Décès du Premier ministre ivoirien Hamed Bakayoko

C’est avec une immense tristesse que le gouvernement ivoirien a confirmé mercredi soir le décès de son Premier ministre Hamed Bakayoko qui était atteint d’un cancer. Il avait été transféré quelques jours auparavant au Centre hospitalier de Fribourg en Allemagne pour des soins.

“Notre pays est en deuil. J’ai l’immense douleur de vous annoncer le décès du Premier Ministre, Hamed Bakayoko. Il a servi la Côte d’Ivoire avec dévouement et abnégation, c’était un grand homme d’Etat, un modèle pour notre jeunesse, une personnalité d’une grande générosité et d’une loyauté exemplaire“, a déclaré le Chef de l’état ivoirien dans communiqué lu à la télévision publique RTI.

Lundi, le secrétaire général de la présidence ivoirienne, Patrick Achi, avait été nommé Premier ministre par intérim.

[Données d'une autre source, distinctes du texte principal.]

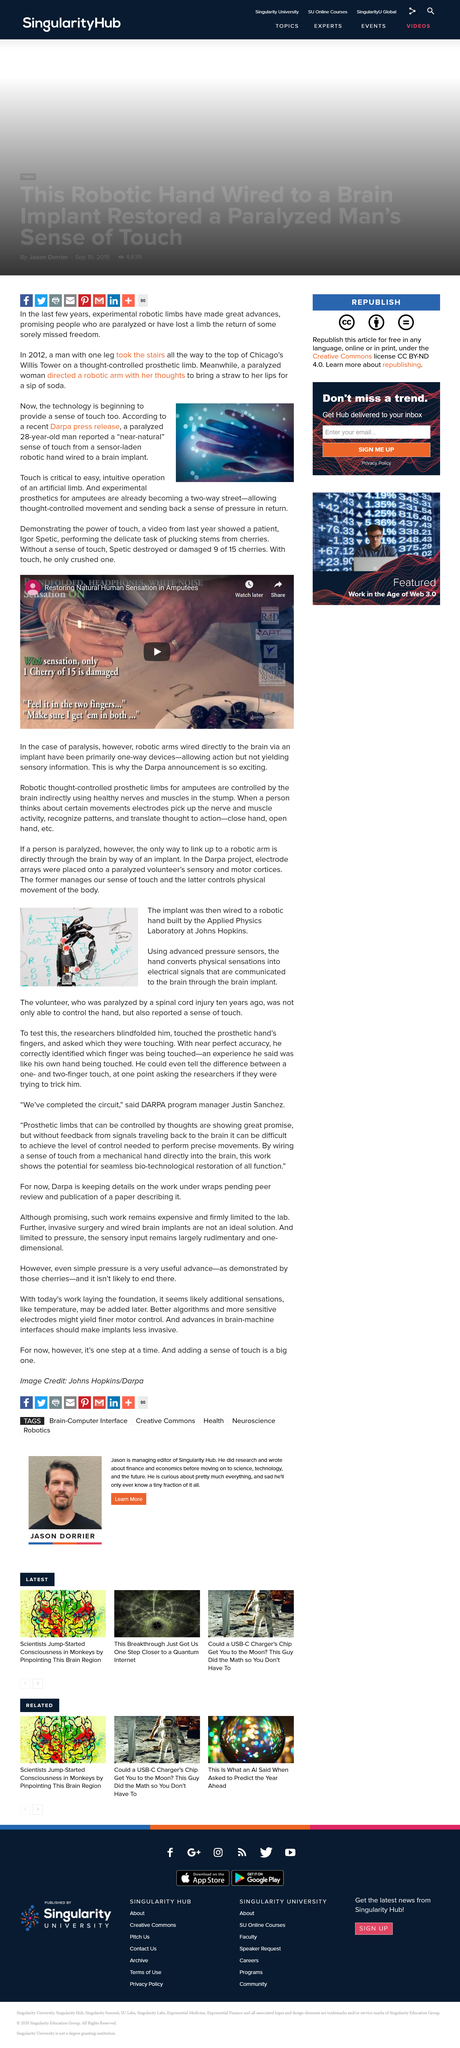Specify some key components in this picture. It is scientifically established that the only way to link up a robotic arm is directly through the brain by way of an implant. In recent years, there have been significant advancements in experimental robotic limbs, as evidenced by the successful ascent of a man with one leg to the top of Chicago's Willis Tower using a thought-controlled prosthetic limb in 2012. The volunteer reported controlling the hand and experiencing a sense of touch. Touch is essential to the easy and intuitive operation of an artificial limb. The robotic arm was constructed by the Applied Physics Laboratory at Johns Hopkins University. 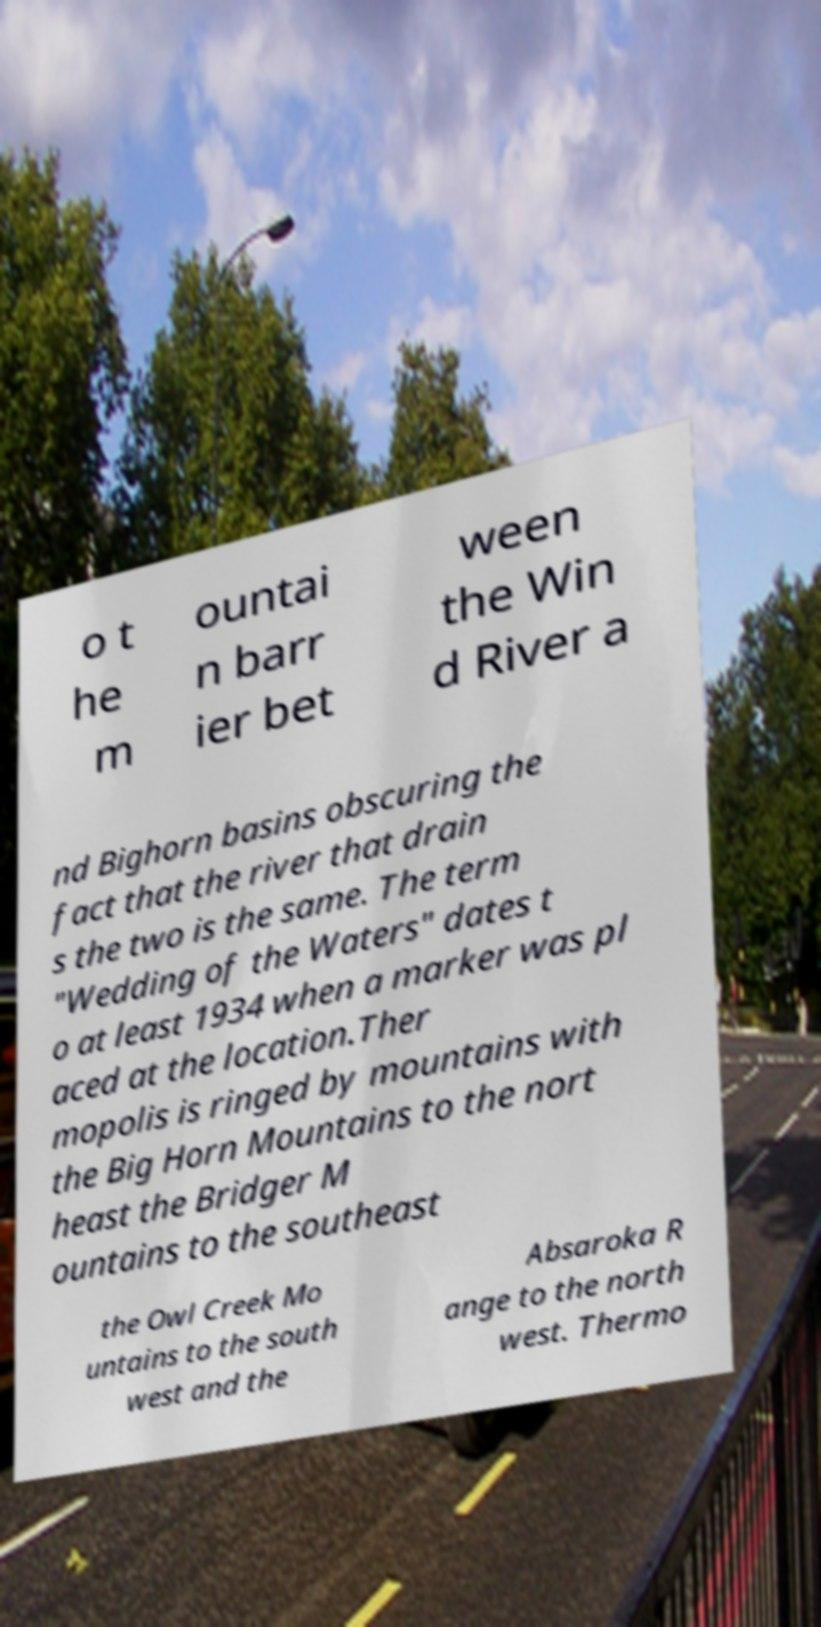Please identify and transcribe the text found in this image. o t he m ountai n barr ier bet ween the Win d River a nd Bighorn basins obscuring the fact that the river that drain s the two is the same. The term "Wedding of the Waters" dates t o at least 1934 when a marker was pl aced at the location.Ther mopolis is ringed by mountains with the Big Horn Mountains to the nort heast the Bridger M ountains to the southeast the Owl Creek Mo untains to the south west and the Absaroka R ange to the north west. Thermo

Téné Birahima Ouattara, ministre des Affaires présidentielles a quant à lui été nommé ministre de la Défense par intérim.

Hamed Bakayoko tout juste âgé de 56 ans le 8 mars dernier et perçu comme un possible successeur du Président actuel Alassane Ouattara, avait lui même succédé en juillet 2020 au poste de Premier ministre à Amadou Gon Coulibaly, décédé quelques jours après son retour d’une hospitalisation et d’une convalescence de deux mois en France pour des problèmes cardiaques.

Né à Abidjan le 8 mars 1956, ce natif du Nord de la Côte d’Ivoire, s’était intéressé dès sa jeunesse au journalisme et à la politique. D’abord militant politique, puis homme de médias dans les années 1990, Hamed Bakayoko était devenu ministre au début des années 2000. A 25 ans, il avait créé le journal Le Patriote, qui deviendra le quasi-organe du Rassemblement des Républicains (RDR), le parti d’Alassane Ouattara, auquel il avait adhéré dès sa fondation en 1994. En 2003, à 38 ans, il était devenu ministre des Télécommunications et des Nouvelles technologies, un poste qu’il gardera dans tous les gouvernements d’union nationale, sous le régime de l’ex-président Laurent Gbagbo. Avec l’arrivée au pouvoir d’Alassane Ouattara en 2011, Hamed Bakayoko avait hérité du stratégique ministère de l’Intérieur, qu’il avait conservé sous trois gouvernements jusqu’en 2017, réussissant à maintenir l’ordre dans un pays revenant à la paix, notamment grâce à ses nombreuses relations dans tous les milieux, aussi bien parmi les anciens chefs de la rébellion que dans l’opposition. 

Il laisse également un vide dans le milieu de la culture. En effet en prenant les commandes en 1993 de Radio Nostalgie Côte d’Ivoire, la première radio commerciale du pays, en plein printemps de la presse ivoirienne, il s’était rapproché du milieu de la musique et du showbiz, dans lequel il aimait s’afficher.